PROMPT | Report all lines of the records that contain "roll".
**** DATA
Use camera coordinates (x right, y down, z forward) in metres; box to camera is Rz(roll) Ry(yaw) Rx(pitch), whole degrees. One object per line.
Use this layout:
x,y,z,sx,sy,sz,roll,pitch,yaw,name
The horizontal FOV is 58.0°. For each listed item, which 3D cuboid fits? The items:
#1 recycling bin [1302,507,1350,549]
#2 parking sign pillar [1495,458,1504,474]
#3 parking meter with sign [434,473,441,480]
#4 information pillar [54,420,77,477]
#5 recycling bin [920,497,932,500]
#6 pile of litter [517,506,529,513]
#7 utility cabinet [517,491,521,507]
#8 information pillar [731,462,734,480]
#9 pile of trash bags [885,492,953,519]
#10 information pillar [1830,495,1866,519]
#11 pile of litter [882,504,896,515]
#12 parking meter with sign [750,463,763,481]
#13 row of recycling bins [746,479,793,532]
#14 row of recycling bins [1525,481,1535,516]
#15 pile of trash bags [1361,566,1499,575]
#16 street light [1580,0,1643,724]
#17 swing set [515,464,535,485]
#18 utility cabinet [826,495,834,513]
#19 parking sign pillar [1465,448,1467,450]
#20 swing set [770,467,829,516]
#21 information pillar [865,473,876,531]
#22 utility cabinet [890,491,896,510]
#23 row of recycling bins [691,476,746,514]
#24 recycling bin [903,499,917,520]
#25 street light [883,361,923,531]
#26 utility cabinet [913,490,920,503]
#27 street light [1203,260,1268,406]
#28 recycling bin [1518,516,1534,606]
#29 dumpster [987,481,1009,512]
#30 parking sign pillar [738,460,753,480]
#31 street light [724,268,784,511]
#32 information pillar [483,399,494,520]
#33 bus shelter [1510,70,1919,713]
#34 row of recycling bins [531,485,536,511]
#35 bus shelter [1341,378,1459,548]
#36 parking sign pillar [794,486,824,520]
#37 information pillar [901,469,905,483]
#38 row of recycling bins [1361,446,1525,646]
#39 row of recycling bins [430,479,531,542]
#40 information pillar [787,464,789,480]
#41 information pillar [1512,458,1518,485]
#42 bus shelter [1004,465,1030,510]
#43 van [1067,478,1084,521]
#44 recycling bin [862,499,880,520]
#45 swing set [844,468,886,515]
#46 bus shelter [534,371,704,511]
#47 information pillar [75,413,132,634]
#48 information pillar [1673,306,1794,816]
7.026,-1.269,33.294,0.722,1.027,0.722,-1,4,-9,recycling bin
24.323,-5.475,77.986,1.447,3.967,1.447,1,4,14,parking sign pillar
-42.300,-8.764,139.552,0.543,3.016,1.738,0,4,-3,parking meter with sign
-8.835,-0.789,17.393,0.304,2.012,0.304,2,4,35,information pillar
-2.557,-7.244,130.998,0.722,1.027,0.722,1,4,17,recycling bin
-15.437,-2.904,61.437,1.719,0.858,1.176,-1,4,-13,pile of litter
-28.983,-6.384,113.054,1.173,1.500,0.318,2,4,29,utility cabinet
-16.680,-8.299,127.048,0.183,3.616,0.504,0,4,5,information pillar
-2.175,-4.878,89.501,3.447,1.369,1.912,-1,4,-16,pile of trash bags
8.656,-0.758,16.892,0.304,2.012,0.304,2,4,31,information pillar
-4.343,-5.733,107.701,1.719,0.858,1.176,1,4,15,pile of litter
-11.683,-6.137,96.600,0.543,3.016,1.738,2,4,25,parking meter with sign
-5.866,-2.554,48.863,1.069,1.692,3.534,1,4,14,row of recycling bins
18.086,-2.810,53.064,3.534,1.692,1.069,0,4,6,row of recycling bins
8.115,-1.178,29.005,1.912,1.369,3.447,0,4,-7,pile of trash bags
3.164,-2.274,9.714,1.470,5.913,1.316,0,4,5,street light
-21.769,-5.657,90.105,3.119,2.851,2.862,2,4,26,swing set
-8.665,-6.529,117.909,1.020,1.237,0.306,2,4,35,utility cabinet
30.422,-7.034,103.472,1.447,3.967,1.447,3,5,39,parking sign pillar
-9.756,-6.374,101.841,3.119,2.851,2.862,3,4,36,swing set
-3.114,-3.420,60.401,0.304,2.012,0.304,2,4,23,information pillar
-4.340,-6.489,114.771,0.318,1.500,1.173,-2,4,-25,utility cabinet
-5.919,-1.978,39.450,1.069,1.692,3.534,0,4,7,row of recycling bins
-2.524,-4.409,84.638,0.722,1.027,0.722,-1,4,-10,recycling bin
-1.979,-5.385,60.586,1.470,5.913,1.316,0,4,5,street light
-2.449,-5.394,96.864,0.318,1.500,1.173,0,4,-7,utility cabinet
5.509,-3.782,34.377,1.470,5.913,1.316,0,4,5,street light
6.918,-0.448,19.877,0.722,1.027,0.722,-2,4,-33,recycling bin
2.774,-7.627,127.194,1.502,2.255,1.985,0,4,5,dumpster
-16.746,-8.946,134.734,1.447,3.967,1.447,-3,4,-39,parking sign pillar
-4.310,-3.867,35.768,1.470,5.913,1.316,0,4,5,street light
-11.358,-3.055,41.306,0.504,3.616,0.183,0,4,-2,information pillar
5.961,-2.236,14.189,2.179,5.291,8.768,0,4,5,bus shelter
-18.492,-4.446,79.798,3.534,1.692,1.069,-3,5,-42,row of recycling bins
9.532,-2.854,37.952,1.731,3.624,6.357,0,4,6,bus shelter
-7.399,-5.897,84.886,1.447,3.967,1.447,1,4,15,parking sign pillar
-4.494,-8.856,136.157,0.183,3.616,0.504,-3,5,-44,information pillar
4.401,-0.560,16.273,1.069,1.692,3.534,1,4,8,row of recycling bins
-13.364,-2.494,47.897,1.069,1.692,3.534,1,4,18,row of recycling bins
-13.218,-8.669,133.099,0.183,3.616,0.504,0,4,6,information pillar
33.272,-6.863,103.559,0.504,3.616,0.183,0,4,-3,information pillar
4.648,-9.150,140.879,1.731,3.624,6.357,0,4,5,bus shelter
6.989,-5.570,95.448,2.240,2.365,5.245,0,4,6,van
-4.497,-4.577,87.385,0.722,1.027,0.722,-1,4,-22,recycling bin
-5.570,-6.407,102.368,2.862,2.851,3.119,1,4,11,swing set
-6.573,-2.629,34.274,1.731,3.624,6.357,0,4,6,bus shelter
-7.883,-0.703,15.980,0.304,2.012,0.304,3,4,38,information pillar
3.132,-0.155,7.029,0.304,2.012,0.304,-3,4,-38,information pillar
********
RESULT OF THE TASK |
Use camera coordinates (x right, y down, z forward) in metres; box to camera is Rz(roll) Ry(yaw) Rx(pitch), whole degrees. One object per line.
x,y,z,sx,sy,sz,roll,pitch,yaw,name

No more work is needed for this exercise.